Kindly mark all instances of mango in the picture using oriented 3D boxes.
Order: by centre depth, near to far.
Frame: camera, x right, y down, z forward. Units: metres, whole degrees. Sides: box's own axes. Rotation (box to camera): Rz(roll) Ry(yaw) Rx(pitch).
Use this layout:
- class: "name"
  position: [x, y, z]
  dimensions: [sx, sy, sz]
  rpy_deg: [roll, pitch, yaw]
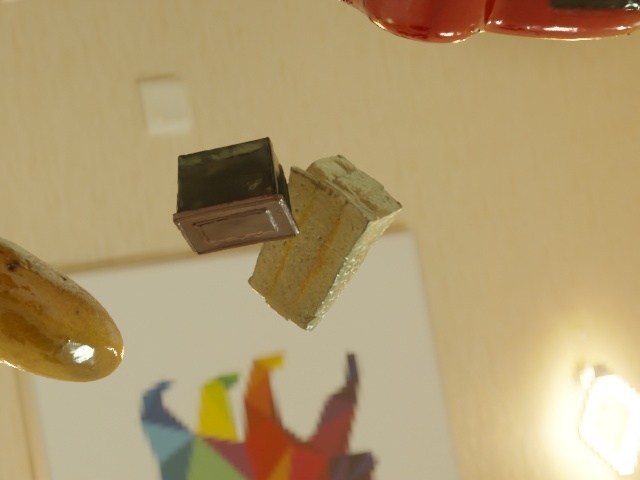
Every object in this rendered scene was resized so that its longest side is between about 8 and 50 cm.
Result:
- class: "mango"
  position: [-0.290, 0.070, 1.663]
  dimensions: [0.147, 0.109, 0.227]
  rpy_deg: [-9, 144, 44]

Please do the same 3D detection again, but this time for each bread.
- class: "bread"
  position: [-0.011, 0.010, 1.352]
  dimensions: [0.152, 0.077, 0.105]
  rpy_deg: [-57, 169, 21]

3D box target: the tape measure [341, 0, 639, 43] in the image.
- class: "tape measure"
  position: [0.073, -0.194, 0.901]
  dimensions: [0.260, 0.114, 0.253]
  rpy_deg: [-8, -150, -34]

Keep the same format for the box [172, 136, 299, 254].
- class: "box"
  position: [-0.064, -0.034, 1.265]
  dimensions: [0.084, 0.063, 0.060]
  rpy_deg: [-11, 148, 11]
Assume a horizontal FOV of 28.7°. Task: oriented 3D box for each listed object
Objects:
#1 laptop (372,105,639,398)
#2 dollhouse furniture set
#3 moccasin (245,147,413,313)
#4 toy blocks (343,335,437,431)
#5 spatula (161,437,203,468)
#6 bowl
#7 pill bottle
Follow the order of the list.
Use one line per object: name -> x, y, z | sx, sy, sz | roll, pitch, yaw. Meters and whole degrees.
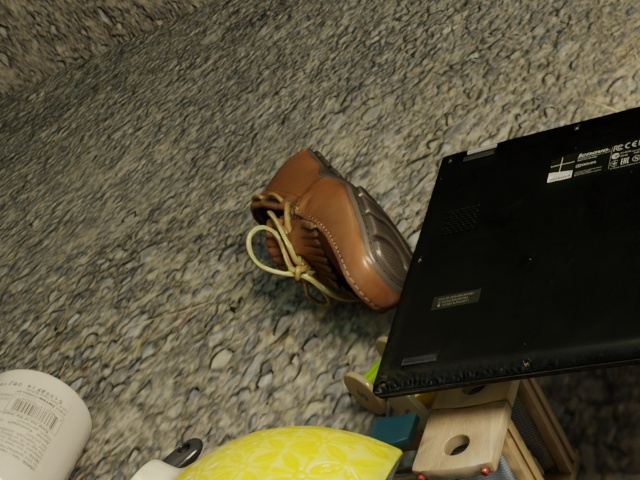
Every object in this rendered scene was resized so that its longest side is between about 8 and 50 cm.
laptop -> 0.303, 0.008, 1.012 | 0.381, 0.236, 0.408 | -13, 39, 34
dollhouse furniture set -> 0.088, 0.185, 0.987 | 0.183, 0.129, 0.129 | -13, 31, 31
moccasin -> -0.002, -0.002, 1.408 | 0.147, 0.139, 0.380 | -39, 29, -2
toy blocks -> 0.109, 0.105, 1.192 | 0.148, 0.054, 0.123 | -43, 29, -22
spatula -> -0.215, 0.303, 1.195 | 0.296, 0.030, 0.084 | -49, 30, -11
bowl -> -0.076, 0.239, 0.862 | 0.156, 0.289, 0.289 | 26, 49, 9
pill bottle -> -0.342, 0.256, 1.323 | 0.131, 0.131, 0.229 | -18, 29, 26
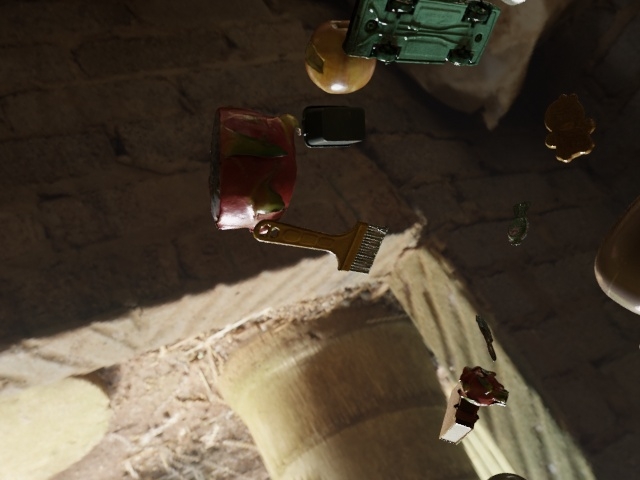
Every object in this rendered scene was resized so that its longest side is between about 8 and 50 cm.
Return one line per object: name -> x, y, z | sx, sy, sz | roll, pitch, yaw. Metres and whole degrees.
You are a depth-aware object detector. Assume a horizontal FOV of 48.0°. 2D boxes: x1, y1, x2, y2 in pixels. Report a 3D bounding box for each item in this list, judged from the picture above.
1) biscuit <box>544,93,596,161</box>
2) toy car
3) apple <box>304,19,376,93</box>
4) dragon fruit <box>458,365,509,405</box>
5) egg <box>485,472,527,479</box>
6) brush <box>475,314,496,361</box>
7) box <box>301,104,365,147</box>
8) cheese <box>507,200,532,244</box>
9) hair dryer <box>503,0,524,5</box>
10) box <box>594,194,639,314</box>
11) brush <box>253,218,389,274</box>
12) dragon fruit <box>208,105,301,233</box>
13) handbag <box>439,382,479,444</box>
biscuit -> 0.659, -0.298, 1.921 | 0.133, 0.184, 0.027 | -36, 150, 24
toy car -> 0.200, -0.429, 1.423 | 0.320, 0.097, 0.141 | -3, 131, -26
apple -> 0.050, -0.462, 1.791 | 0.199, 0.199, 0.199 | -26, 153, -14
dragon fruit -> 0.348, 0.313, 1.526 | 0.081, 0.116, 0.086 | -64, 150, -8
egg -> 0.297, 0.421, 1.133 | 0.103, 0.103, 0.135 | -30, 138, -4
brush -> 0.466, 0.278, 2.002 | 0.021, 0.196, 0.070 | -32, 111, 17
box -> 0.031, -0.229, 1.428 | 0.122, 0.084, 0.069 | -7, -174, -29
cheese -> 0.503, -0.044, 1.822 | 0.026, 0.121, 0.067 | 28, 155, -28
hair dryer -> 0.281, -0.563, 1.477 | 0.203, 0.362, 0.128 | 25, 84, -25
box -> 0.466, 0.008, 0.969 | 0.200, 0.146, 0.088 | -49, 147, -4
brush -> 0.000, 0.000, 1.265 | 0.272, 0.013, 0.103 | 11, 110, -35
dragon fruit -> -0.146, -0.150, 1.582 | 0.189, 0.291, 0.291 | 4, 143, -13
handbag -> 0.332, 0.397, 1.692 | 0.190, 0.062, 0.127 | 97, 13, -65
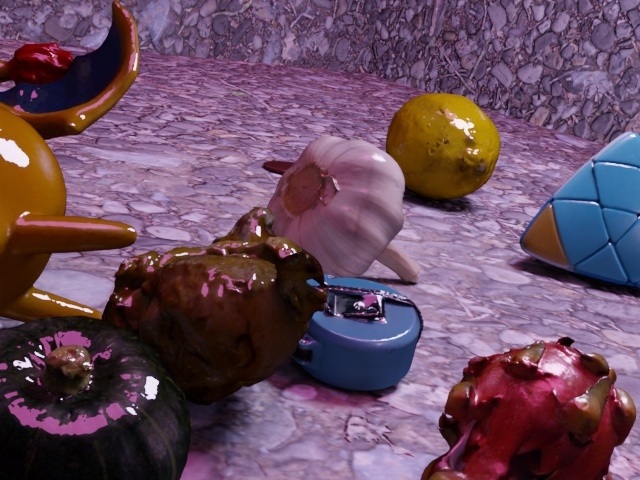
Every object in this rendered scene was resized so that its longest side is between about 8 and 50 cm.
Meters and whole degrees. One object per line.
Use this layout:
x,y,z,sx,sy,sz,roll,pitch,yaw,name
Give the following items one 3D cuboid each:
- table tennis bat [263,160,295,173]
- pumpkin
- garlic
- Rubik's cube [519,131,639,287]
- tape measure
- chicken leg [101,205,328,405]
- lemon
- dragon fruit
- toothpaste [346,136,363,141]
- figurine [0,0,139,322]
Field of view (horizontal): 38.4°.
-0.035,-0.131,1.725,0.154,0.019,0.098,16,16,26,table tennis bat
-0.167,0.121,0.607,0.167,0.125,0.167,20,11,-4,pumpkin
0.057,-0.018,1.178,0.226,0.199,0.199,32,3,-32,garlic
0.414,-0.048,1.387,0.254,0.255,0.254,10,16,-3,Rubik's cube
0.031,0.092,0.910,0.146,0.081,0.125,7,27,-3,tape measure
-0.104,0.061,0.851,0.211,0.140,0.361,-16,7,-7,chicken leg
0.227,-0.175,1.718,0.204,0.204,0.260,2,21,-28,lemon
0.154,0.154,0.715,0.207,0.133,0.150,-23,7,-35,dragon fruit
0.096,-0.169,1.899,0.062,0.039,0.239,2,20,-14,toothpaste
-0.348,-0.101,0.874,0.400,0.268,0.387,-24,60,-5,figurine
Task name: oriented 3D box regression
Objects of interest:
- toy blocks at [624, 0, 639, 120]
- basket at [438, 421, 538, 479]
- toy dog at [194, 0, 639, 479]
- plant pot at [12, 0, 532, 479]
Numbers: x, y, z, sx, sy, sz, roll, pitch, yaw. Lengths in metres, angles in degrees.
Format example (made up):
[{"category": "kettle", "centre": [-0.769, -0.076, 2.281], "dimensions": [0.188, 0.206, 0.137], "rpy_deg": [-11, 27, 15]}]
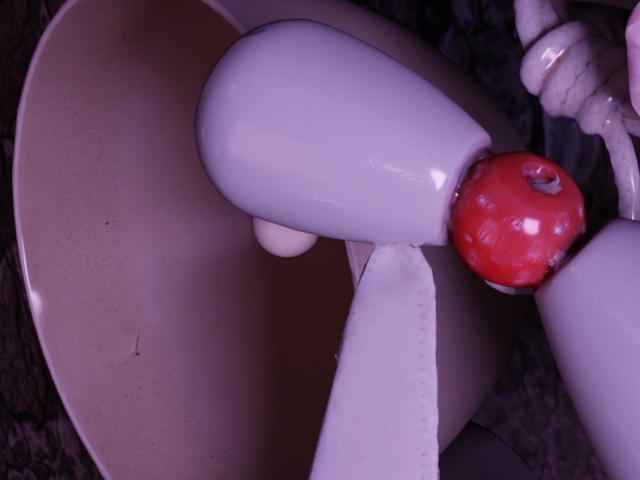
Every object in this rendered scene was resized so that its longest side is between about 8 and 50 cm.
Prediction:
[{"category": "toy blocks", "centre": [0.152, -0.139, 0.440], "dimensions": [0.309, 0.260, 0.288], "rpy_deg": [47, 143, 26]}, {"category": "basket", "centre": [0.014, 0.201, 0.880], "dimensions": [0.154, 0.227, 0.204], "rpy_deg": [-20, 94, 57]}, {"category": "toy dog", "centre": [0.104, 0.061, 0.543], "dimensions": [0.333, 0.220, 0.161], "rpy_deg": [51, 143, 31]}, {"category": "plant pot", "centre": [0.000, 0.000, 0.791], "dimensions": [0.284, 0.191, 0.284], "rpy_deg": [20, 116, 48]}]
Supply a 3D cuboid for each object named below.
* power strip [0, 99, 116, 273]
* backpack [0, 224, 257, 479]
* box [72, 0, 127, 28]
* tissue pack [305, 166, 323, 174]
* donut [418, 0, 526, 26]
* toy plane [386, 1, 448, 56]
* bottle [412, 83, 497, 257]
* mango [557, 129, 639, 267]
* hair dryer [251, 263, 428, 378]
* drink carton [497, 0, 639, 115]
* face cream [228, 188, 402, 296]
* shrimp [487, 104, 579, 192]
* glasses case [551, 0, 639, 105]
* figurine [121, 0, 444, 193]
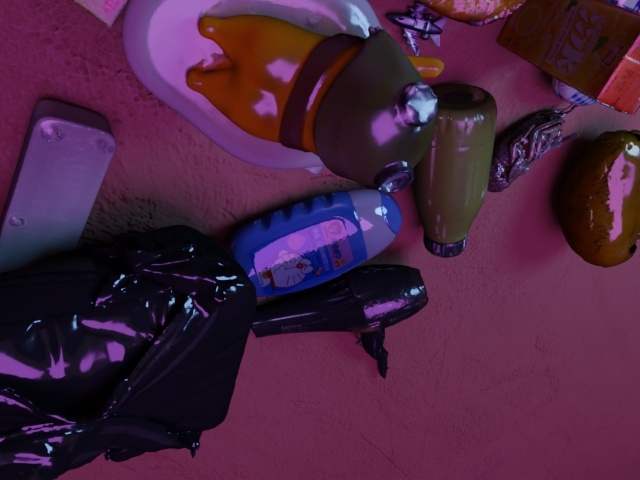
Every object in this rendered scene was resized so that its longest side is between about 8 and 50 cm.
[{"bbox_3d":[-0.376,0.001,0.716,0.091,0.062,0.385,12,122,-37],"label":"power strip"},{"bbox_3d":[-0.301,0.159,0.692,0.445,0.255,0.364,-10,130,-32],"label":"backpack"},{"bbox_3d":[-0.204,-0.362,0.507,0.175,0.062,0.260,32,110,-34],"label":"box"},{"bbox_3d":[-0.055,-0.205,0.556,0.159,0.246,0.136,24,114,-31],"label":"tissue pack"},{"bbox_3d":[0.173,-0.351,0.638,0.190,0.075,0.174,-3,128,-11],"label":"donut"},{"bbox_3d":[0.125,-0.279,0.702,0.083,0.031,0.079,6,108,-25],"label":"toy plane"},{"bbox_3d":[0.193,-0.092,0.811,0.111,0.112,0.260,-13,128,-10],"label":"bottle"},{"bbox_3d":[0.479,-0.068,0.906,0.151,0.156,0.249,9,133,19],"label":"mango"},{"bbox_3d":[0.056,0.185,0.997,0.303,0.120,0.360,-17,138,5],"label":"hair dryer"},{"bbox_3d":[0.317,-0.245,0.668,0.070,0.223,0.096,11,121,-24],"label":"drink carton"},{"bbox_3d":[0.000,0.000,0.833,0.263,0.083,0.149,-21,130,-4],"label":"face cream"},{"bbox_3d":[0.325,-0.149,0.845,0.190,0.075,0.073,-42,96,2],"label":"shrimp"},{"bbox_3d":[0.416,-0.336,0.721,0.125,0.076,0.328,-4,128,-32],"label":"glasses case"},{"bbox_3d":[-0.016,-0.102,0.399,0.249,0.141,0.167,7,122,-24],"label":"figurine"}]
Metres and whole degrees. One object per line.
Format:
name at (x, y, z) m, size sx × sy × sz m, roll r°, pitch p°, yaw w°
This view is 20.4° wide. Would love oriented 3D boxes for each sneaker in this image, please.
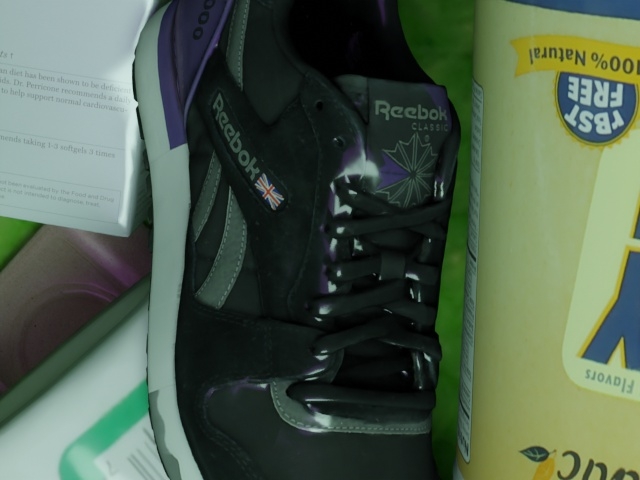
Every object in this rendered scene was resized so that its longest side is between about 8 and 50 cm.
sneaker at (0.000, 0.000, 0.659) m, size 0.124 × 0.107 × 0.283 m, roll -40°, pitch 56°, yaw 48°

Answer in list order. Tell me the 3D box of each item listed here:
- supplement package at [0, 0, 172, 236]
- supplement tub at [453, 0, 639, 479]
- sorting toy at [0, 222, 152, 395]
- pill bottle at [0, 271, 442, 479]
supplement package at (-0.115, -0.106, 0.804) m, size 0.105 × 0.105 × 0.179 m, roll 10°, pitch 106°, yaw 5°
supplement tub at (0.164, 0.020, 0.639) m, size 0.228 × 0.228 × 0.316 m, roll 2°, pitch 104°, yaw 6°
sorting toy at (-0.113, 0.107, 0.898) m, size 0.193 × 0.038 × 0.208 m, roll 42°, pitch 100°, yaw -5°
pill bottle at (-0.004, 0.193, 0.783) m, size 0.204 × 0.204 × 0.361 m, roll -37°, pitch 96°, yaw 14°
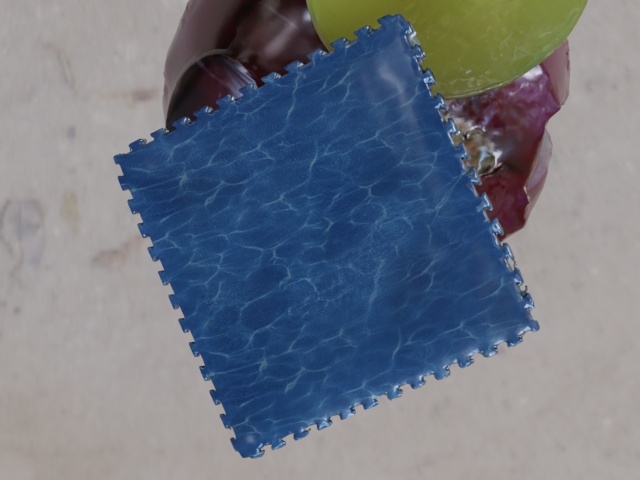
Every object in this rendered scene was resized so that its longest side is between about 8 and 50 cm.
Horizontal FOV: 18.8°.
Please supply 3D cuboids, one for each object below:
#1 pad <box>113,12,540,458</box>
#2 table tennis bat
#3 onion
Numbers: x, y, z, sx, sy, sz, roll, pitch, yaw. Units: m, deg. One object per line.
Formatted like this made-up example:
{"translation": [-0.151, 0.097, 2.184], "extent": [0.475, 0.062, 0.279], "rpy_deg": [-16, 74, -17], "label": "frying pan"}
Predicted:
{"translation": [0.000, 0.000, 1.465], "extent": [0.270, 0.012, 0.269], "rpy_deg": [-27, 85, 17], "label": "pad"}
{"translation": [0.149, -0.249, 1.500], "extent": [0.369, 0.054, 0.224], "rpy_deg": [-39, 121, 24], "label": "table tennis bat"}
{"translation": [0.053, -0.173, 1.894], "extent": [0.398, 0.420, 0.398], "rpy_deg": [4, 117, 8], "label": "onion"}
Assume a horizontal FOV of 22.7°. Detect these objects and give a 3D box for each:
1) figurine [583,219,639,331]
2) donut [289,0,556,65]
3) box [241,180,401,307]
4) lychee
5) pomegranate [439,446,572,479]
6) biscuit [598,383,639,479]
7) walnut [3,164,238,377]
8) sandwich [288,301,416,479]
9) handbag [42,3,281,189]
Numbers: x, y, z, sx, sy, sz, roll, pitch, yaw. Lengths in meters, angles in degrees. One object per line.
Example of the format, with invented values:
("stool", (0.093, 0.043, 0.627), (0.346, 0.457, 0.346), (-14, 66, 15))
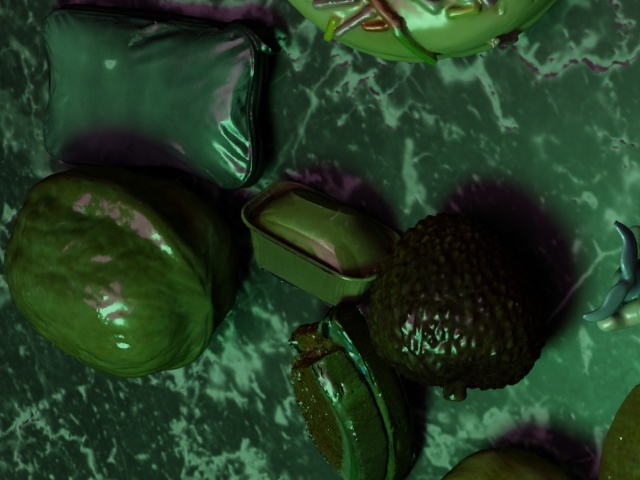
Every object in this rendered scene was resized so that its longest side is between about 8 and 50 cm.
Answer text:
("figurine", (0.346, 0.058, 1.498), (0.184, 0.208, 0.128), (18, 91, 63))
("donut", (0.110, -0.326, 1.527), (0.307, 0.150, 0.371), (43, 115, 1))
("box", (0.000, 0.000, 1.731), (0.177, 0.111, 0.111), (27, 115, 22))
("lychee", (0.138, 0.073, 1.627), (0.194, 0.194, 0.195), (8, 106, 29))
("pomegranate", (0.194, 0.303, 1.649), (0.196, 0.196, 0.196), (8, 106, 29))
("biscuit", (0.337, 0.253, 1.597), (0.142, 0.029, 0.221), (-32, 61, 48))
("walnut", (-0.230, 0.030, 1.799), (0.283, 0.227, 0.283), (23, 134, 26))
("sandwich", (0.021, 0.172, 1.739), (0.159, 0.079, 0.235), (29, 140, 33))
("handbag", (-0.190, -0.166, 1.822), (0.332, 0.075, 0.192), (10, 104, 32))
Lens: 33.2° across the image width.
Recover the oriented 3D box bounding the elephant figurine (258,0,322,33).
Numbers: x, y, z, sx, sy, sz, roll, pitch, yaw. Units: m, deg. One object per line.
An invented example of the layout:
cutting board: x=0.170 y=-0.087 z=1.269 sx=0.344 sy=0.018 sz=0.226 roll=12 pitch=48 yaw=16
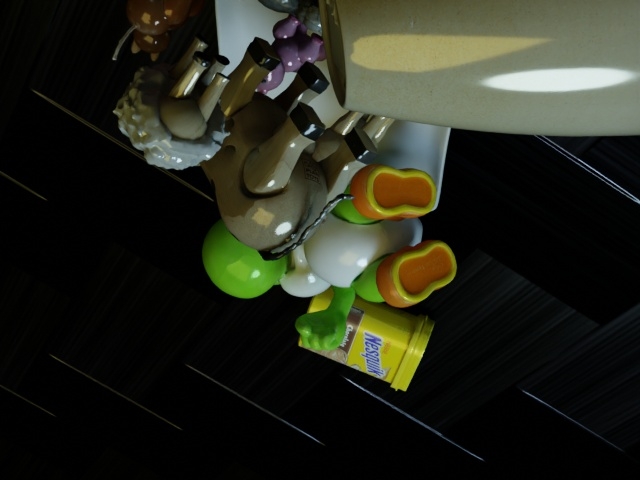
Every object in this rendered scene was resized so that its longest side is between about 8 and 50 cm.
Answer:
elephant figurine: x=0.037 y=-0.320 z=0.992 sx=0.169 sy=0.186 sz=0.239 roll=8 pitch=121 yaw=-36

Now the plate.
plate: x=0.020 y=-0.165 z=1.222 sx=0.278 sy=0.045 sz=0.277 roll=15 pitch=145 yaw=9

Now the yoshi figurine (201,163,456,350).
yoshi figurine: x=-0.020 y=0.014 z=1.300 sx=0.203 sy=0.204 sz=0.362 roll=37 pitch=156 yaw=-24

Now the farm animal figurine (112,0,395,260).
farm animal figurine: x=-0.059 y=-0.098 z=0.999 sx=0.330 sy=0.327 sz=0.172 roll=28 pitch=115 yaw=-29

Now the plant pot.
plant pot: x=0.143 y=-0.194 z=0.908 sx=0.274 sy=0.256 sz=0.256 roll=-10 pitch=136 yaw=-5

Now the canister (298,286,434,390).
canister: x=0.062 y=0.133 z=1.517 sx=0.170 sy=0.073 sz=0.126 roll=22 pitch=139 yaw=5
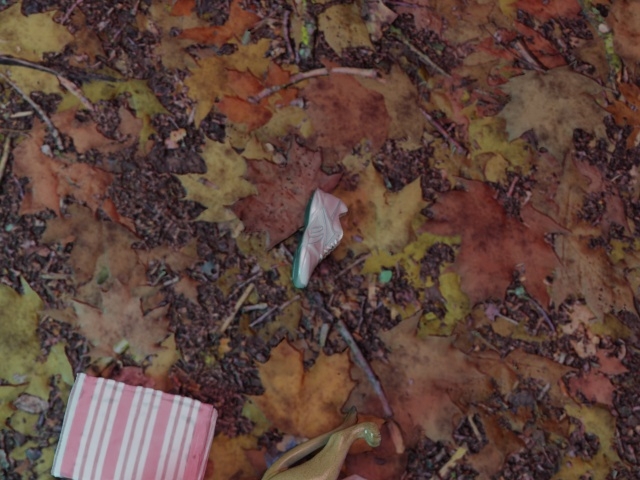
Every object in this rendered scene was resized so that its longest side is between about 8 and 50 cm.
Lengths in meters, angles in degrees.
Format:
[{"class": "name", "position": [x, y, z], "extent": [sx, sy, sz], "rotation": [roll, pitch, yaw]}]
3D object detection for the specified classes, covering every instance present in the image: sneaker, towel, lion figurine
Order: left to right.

_What you have to do:_
Please state only the number of lines above that hold the string "invented".

_Task response:_
2